- Church: Episcopal Church
- Diocese: North Dakota
- Elected: October 1936
- In office: 1937–1951
- Predecessor: Frederick B. Bartlett
- Successor: Richard R. Emery

Orders
- Ordination: December 1907 by Edward Robert Atwill
- Consecration: January 21, 1937 by Stephen Keeler

Personal details
- Born: June 4, 1881 Burlington, Vermont, United States
- Died: May 22, 1960 (aged 78) Minneapolis, Minnesota, United States
- Buried: Lakewood Cemetery
- Denomination: Anglican
- Parents: Edward Robert Atwill & Mary Whiting
- Spouse: Mima Janisch ​(m. 1909)​
- Children: 2

= Douglass H. Atwill =

American Episcopal bishop (1881–1960)

Douglass Henry Atwill (June 4, 1881 – May 22, 1960) was bishop of the Episcopal Diocese of North Dakota, serving from 1937 to 1951.

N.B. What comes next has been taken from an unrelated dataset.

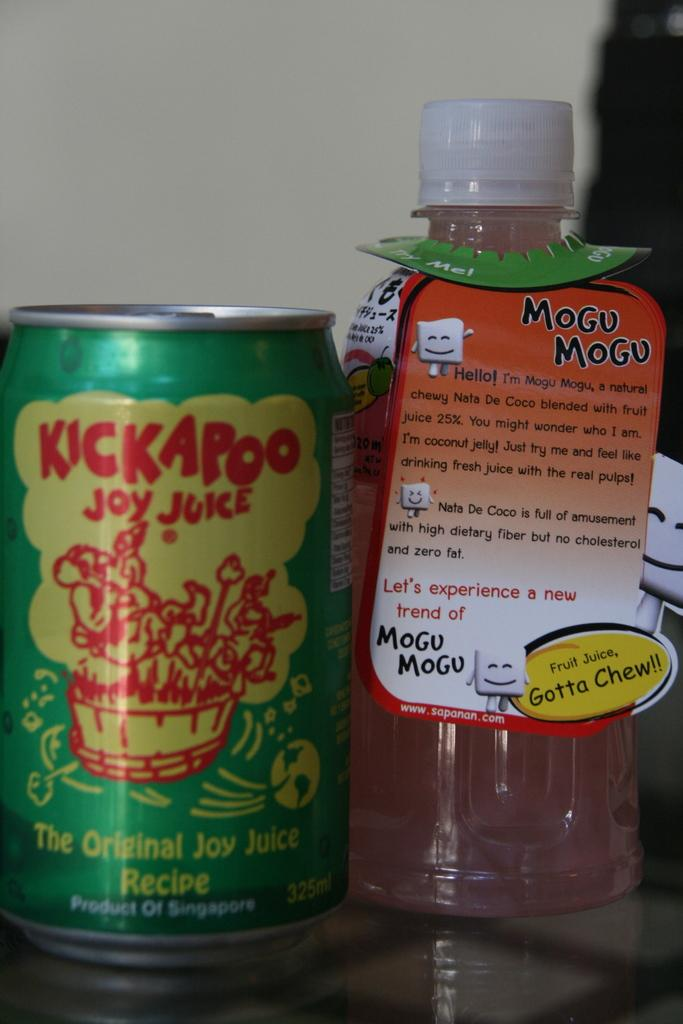<image>
Summarize the visual content of the image. A bottle of Mogu Mogu and A can of KickAPoo sit next to each other on a table.

==Early life and education==
Atwill was born on June 4, 1881, in Burlington, Vermont, the son of the Reverend, later Bishop of Kansas City, Edward Robert Atwill, and Mary Whiting. He studied at Yale University, graduating with a Bachelor of Arts in 1903, and then at the Episcopal Theological School, from where he earned a Bachelor of Divinity in 1907. He was awarded a Doctor of Divinity from Seabury-Western Theological Seminary in 1934. He married Mima Josephine Janisch on November 2, 1909, and together they had two children.

==Ordained ministry==
Atwill was ordained deacon in June 1907, and priest in December of the same year, by his father Edward Robert Atwill. He served as rector of Calvary Church in Sedalia, Missouri between 1907 and 1914, and then was a missionary in Ventura County, California between 1914 and 1918, serving St Paul's Mission in Santa Paula, California, and St Mark's Mission in Fillmore, California. In 1918, he returned to Missouri to become rector of St Augustine's Church in St. Louis, while in 1923 he became rector of St Clement's Memorial Church in Saint Paul, Minnesota, where he remained until 1937.

==Bishop==
In October 1936, Atwill was elected Missionary Bishop of North Dakota. He was consecrated on January 21, 1937, in the Church of St John the Evangelist in Saint Paul, Minnesota, by the Bishop of Minnesota Stephen Keeler. He remained in office until his retirement in 1951. He died on May 22, 1960, in St Barnabas' Hospital, Minneapolis, Minnesota. He was buried in Lakewood Cemetery.